» What you will do
Provide only the number of lines in the data below that contain the word "integer".

═════ Material for this task

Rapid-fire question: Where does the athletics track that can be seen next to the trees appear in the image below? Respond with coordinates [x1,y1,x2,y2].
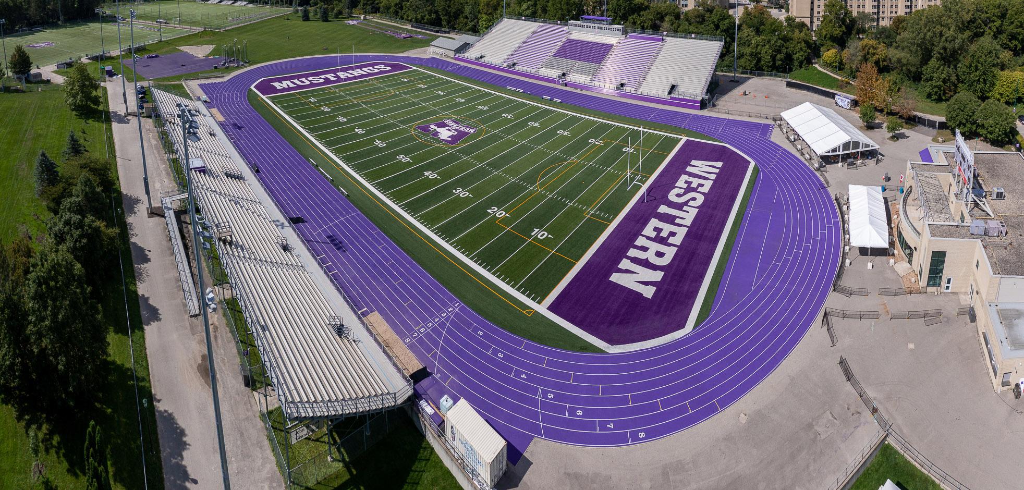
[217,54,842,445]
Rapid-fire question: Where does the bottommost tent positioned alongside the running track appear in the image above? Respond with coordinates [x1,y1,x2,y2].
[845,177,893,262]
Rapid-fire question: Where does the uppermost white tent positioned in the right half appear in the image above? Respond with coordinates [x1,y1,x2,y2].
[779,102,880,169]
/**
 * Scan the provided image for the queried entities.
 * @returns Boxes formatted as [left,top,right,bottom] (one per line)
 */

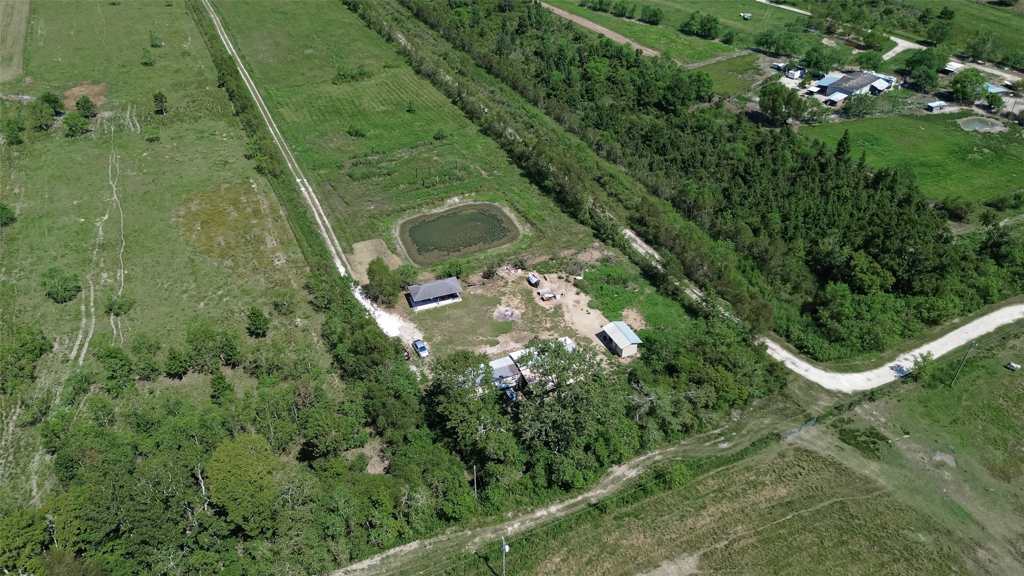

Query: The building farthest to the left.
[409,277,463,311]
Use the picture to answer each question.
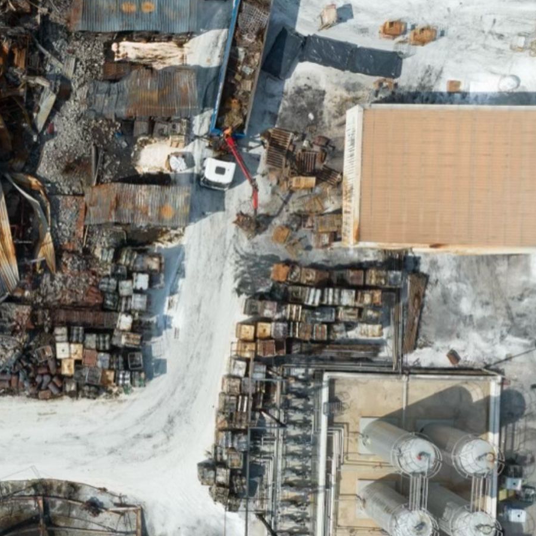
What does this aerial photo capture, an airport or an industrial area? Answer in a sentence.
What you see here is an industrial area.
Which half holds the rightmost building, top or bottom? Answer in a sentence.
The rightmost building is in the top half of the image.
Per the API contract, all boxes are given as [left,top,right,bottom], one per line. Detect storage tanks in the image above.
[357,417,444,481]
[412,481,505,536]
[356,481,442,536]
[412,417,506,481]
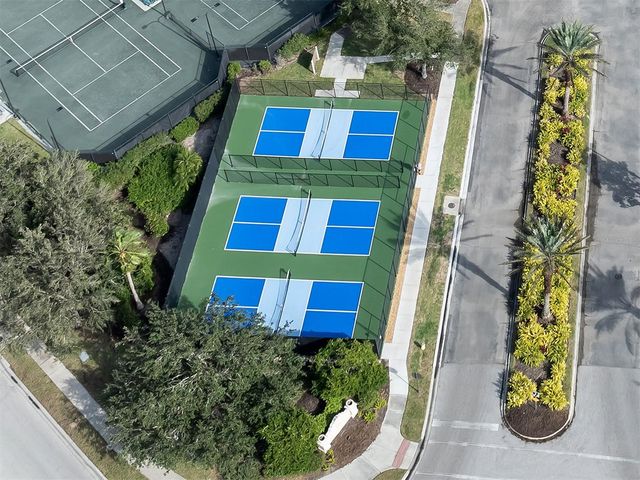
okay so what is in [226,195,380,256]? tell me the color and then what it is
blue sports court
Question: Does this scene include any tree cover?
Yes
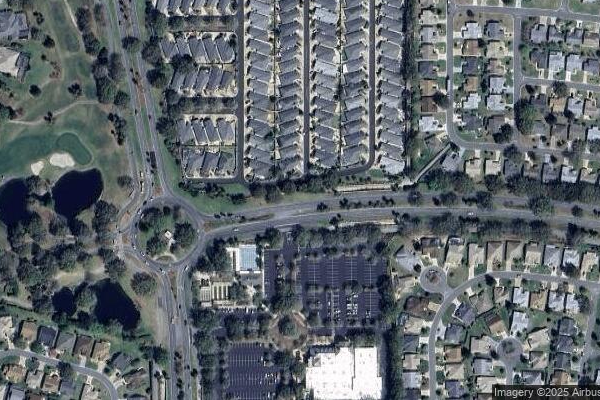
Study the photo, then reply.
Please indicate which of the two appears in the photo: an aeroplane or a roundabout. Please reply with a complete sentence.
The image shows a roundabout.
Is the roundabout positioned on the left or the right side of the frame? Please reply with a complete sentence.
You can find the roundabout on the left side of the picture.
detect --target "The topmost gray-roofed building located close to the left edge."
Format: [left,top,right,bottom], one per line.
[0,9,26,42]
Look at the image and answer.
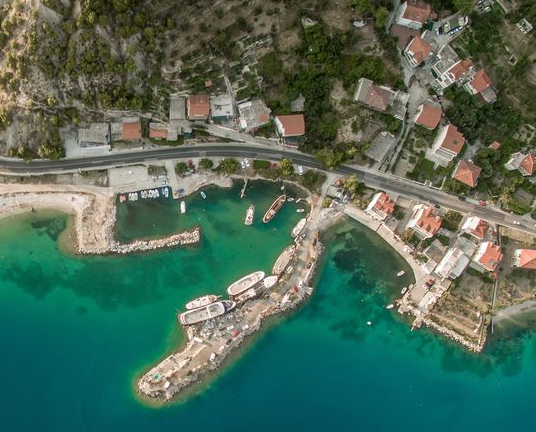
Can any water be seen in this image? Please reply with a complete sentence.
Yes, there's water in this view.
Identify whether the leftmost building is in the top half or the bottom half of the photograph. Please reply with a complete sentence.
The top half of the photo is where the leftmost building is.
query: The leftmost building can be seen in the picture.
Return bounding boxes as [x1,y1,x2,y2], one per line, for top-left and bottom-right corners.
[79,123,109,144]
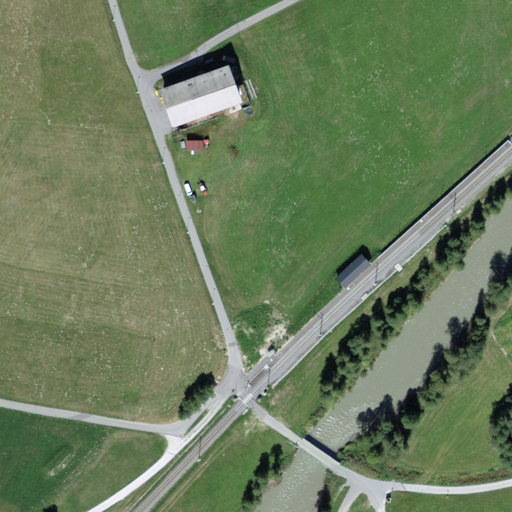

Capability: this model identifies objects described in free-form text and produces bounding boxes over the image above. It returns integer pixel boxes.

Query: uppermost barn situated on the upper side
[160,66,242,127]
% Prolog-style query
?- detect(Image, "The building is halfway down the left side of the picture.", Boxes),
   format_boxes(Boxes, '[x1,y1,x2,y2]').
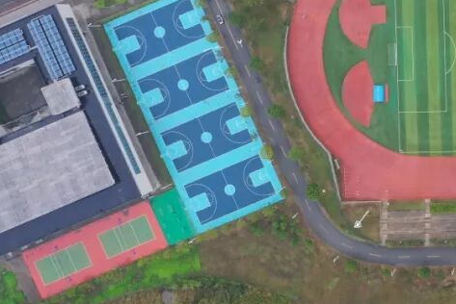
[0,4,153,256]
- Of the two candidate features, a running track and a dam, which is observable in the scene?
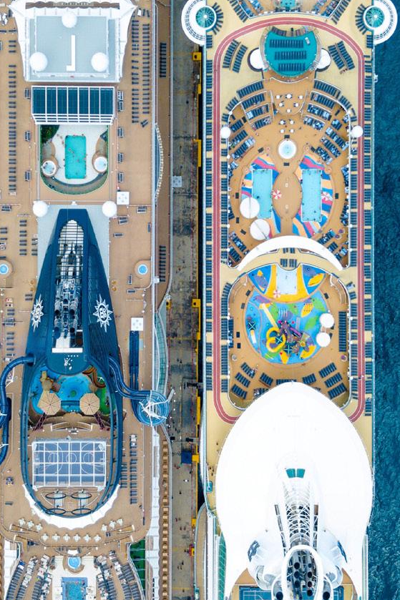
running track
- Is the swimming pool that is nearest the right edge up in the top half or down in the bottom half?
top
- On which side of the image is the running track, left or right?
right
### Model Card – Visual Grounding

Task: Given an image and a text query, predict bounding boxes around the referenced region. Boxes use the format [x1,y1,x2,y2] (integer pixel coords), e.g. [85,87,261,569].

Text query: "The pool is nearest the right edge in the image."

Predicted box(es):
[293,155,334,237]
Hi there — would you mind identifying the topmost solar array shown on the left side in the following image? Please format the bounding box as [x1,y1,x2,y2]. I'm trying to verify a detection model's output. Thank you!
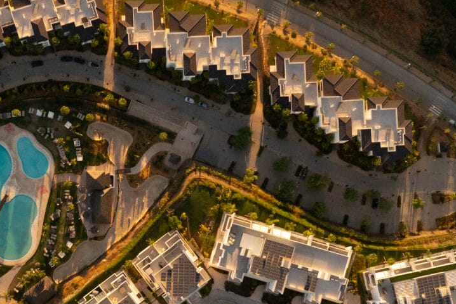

══════════

» Solution for this exercise
2